Und sie gehen noch weiter. Wie wirkt sich eine Deadline darauf aus, wie der Arbeitende seine Anstrengung subjektiv erlebt? Führt die Anstrengung zu Ermüdung, so dürfte es keinen Unterschied machen, ob die Tätigkeit zu einem bestimmten Zeitpunkt abgeschlossen sein muss. Die Wissenschaftler aber nehmen an, dass die Ermüdung an die Opportunitätskosten gekoppelt ist und die Müdigkeit mit steigender Motivation entsprechend zum Ende hin sinkt. Also: Das Ziel vor Augen fällt Verzicht auf anderes leichter, die Motivation steigt und die subjektive Erschöpfung sinkt.

Cordula Nussbaum verweist an diesem Punkt darauf, dass es verschiedene Organisationstypen gibt. „Kreative Chaoten sind sehr spontan und flexibel. Viele verfügen über die Kompetenz, auf den letzten Drücker überraschend gute Leistung zu bringen. Das nennt sich Überraschungskompetenz. Auf den letzten Metern vor der Deadline sind sie hochkonzentriert, produktiv, kreativ, liefern ein super Ergebnis ab.“ Im Unterschied dazu gebe es Menschen, die fahrig und unkonzentriert werden, wenn ein Abgabetermin näherrückt und ihnen der Sicherheitspuffer fehlt.

Feedback hilft

Die Experimente der israelischen Psychologen mit 64 Studenten zielten unabhängig von solchen individuellen Organisationstypen aber darauf ab, die Performance des Gehirns unter Druck zu messen. In der Testsituation gab es lediglich zwei Ausreißer nach unten, diese wurden aus der Statistik herausgerechnet.

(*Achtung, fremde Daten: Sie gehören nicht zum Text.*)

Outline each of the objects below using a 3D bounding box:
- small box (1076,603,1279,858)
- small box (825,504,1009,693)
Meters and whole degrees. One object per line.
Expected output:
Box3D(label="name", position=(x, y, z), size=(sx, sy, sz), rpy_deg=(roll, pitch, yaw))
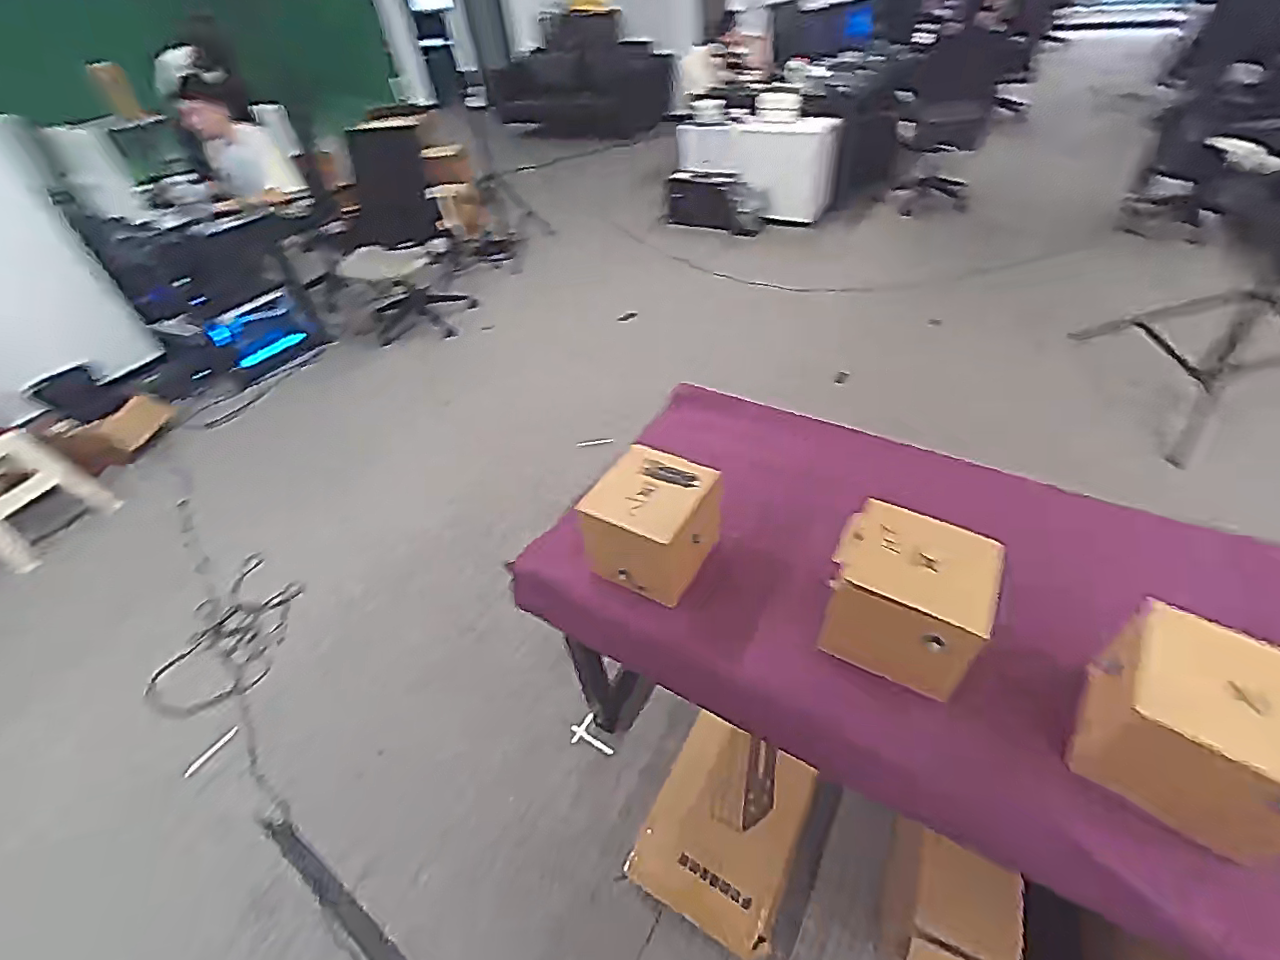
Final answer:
Box3D(label="small box", position=(0.637, 0.280, 0.607), size=(0.179, 0.176, 0.168), rpy_deg=(26, 53, 30))
Box3D(label="small box", position=(0.380, 0.168, 0.758), size=(0.179, 0.176, 0.168), rpy_deg=(19, 47, 26))
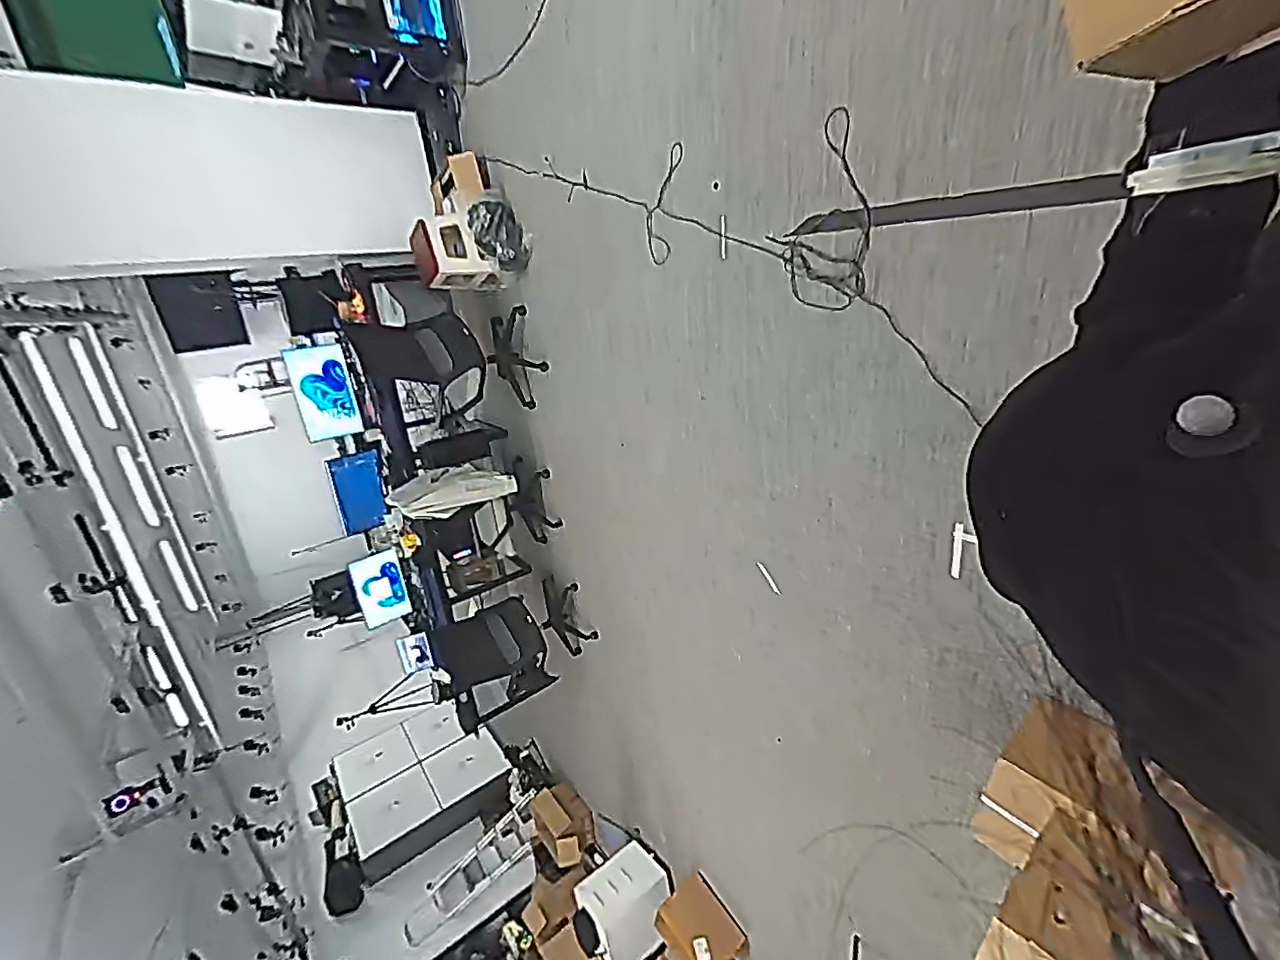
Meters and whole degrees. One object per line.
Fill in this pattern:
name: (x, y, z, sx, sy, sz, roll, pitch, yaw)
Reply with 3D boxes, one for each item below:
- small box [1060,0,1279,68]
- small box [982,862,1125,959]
small box: (0.271, -0.298, 0.203, 0.168, 0.176, 0.179, -7, 105, 55)
small box: (0.824, 0.922, 1.078, 0.168, 0.176, 0.179, 27, 127, 47)
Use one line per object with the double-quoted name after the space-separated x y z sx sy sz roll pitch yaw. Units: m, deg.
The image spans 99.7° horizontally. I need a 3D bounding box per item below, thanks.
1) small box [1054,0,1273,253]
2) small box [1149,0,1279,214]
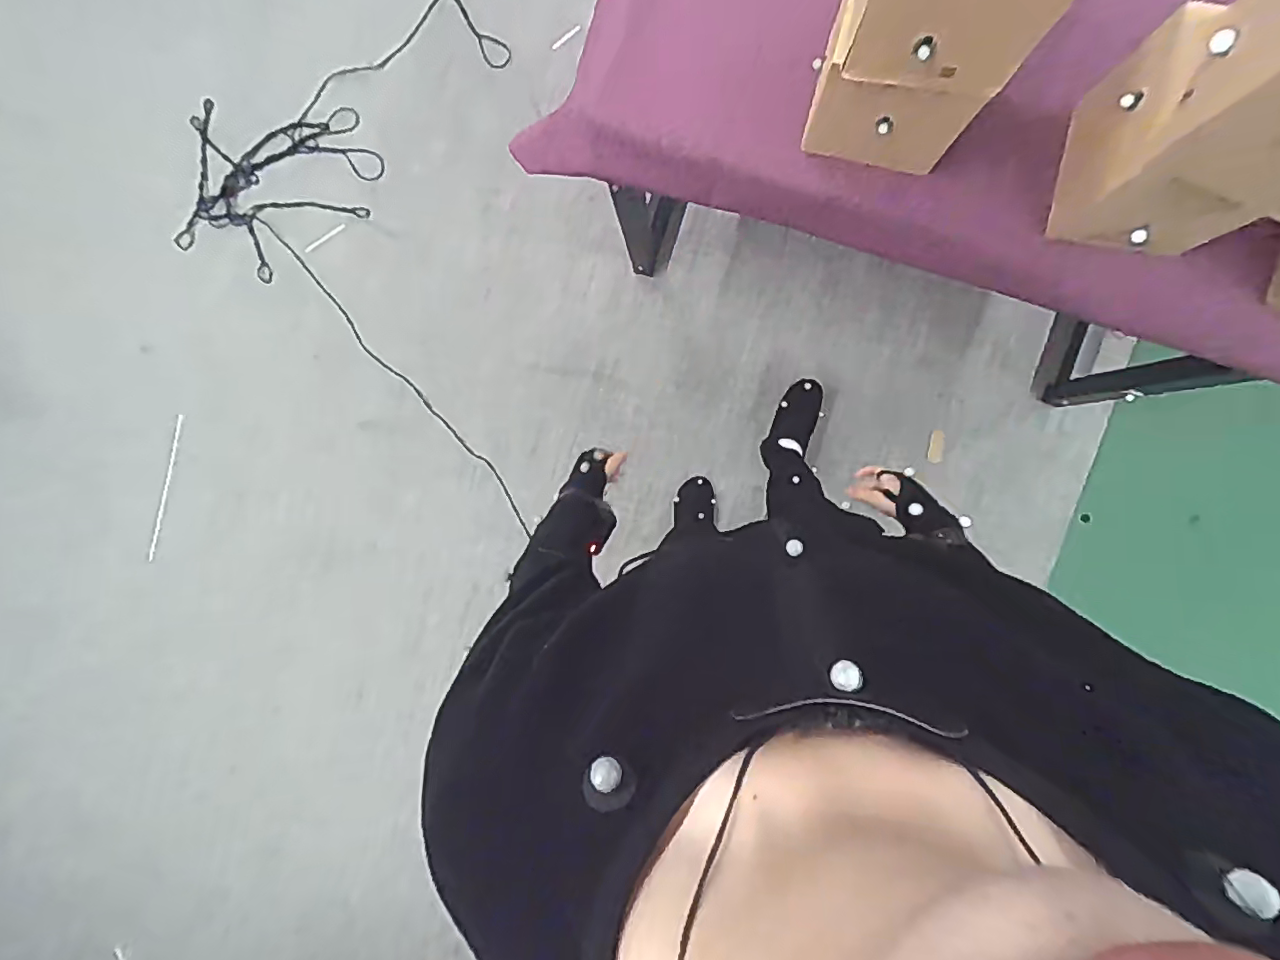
0.630 -0.393 0.628 0.168 0.176 0.179 12 93 6 "small box"
0.621 -0.362 0.464 0.179 0.176 0.168 26 93 5 "small box"

Am Computer mussten die Probanden aus schnell aufeinander folgenden Bildern einen vorher definierten relevanten Teil auswählen und dabei künstlich erzeugte Ablenkungen ignorieren. Kontinuierlich rückgemeldeter Fortschritt beim Erledigen dieser Aufgabe motivierte die Probanden im Durchschnitt zu besserer Performance. Sie holten das Beste aus sich heraus, obwohl nicht die Qualität ihrer Arbeit bewertet wurde, sondern neutral über ihren Fortschritt informiert wurde. Die Kontrollgruppe ohne Feedback schnitt schlechter ab. Das nahe Ende reichte für die kontinuierliche Anstrengung. Frühere Studien hingegen waren von einer kontinuierlich sinkenden Performance ausgegangen, je länger eine Aufgabe dauert. Zudem ging man von gleichzeitig ansteigender Müdigkeit aus.

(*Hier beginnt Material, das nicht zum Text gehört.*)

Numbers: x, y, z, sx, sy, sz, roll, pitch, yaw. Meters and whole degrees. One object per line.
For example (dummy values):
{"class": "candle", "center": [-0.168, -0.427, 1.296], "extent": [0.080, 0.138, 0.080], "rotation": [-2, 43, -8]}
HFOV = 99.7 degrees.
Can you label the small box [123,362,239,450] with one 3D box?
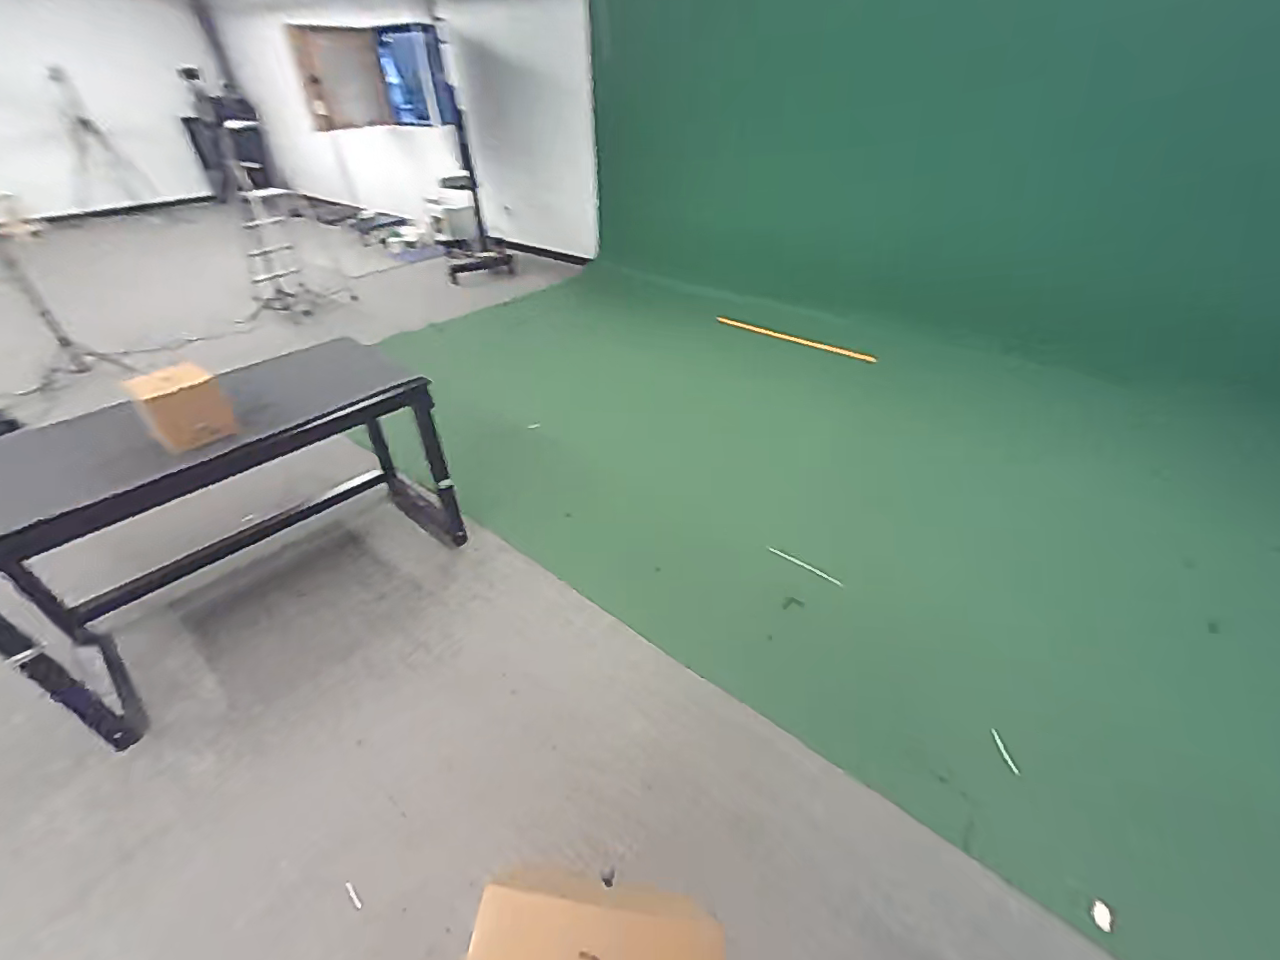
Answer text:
{"class": "small box", "center": [-1.258, -0.205, 1.490], "extent": [0.179, 0.176, 0.168], "rotation": [24, 43, 30]}

Das wiederlegt die vorliegende Studie und zeigt damit, dass eine Deadline hilfreich ist, eine Aufgabe schnell und gut zu erledigen. „Wenn nur noch ein Aufgabenblock übrigbleibt, bis die gesamte Aufgabe abgeschlossen ist, muss man das Nachrichtenchecken am Smartphone oder das Ausstrecken der Beine nur noch ein kleines bisschen aufschieben, deshalb ist es nicht so schmerzhaft, wie wenn man es für eine unbekannte Zeitspanne aufschiebt“, begründen die Autoren.

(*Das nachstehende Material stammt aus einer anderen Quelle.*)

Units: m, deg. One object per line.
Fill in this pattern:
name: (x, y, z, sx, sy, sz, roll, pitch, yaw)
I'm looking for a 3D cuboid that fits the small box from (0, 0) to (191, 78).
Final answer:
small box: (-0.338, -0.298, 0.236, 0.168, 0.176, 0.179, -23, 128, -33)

Sie zeigten auch, dass die Ermüdung nicht so sehr mit der Dauer der Tätigkeit zu tun hat, weil sie mit den Opportunitätskosten zusammenhängt. Wichtig ist lediglich zu wissen, wie weit das Ende ist. Heißt: Wenn ich weiß, dass ich es bald geschafft habe, spüre ich keine Erschöpfung mehr.